Le nombre d'électrices durant les législatives a également été sans précédent. La commission chargée des élections au Pakistan (ECP) a enregistré 37,6 millions de votes féminins - deux millions de plus qu'en 2008. Et plus de la moitié des femmes avaient également voté au mois de mai.

Le nombre d'électrices est particulièrement remarquable compte tenu de l'environnement décourageant dans lequel elles sont amenées à voter. À Khyber Pakhtunkhwa, par exemple, les partis politiques ont passé des accords informels avec les conseillers des tribus locales, qui ont efficacement empêché les femmes de voter. Le même phénomène s’est produit jeudi dernier lors des élections partielles à Khyber Pakhtunkhwa, mais cette fois-ci, le président de la Cour suprême de Peshawar a réagit en suspendant les résultats des élections et en ordonnant l'arrestation des personnes responsables de ce sabotage.

La participation féminine peut toutefois être davantage favorisée.

La plupart des championnes de la participation à la vie politique montrent du doigt les partis comme étant responsables du manque de représentation de leurs voix, en arguant que certains ne créent pas suffisamment d'occasion pour l’implication des femmes. " Les partis politiques ont besoin d'assumer un rôle plus important, en offrant aux femmes plus de possibilités de viser des sièges à l'Assemblée nationale et en les soutenant au cours de la campagne", affirme Bushra Gohar.

Tandis que certains partis politiques, tels que Jamaat-e-Islami (islamisme) et Muttahida Qaumi Movement (libéralisme et sécularisation), comptent une aile féminine importante et bien organisée, des partis majeurs ne donnent pas suffisamment priorité à la place des femmes dans la politique.

Cette année, seules 36 des 108 candidates à un siège à l’Assemblée nationale ont été soutenues par un parti politique, et ce en raison du manque de confiance de la part des partis. Faute de soutien, de nombreuses femmes se sont présentées en tant que candidates indépendantes.

Les observateurs se demandent si le parti actuel du gouvernement (Pakistan Muslim League – Nawaz , PML-N) va s’efforcer de favoriser la participation des femmes dans la vie politique au cours du quinquennat. Il serait dans l’intérêt des partis de présenter davantage de candidates réceptives aux besoins des femmes pakistanaises, car ces dernières sont aujourd’hui plus éduquées, et elles représentent 50% de la population, devenant ainsi un vote majoritaire.
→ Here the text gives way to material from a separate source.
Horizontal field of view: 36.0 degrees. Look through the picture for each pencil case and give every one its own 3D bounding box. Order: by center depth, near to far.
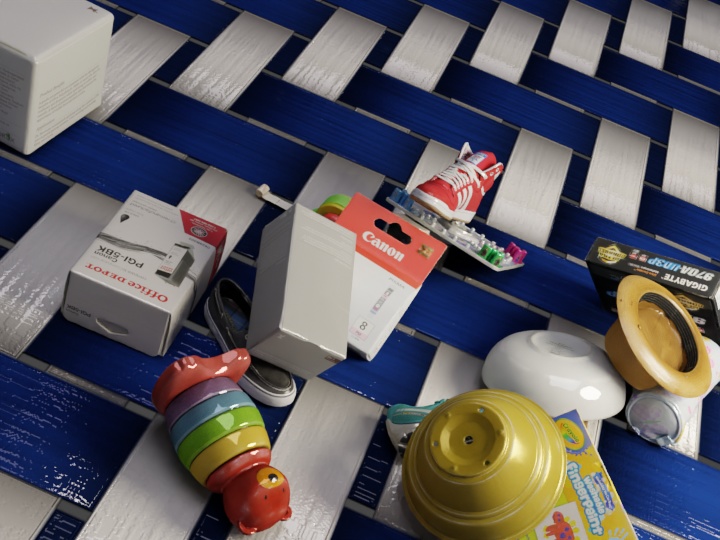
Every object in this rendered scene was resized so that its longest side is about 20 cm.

Alors qu’il y a pénurie de femmes dans les postes ministériels-clés, le parti du gouvernement s’est engagé à maintenir les élections locales durant son mandat. Ces élections (qui n’ont pas eu lieu au cours du dernier mandat) ont offert, par le passé, l’occasion à des femmes d’entrer dans la politique et d’assumer des positions dirigeantes à tous les niveaux du gouvernement. Ceci étant dit, la décision des assemblées provinciales de conduire des élections gouvernementales locales sur la base de partis politiques pourrait donner un élan bienvenu à la participation des femmes dans la politique, surtout en intégrant les femmes dans les partis les plus importants.

« Les femmes sont prêtes à faire de la politique pourvu que les partis ne leur bloquent pas le chemin », affirme Bushra Gohar. Etant donné l’augmentation importante du vote et des candidatures féminins, j’espère que le Pakistan saura s’adapter et tirer profit du désir évident des femmes de s’émanciper.

Publication en partenariat avec CGnews.

*Huma Yusuf est une chroniqueuse pour le journal pakistanais Dawn et était, en 2010-11, professeur pakistanaise au Woodrow Wilson International Center for Scholars à Washington, DC.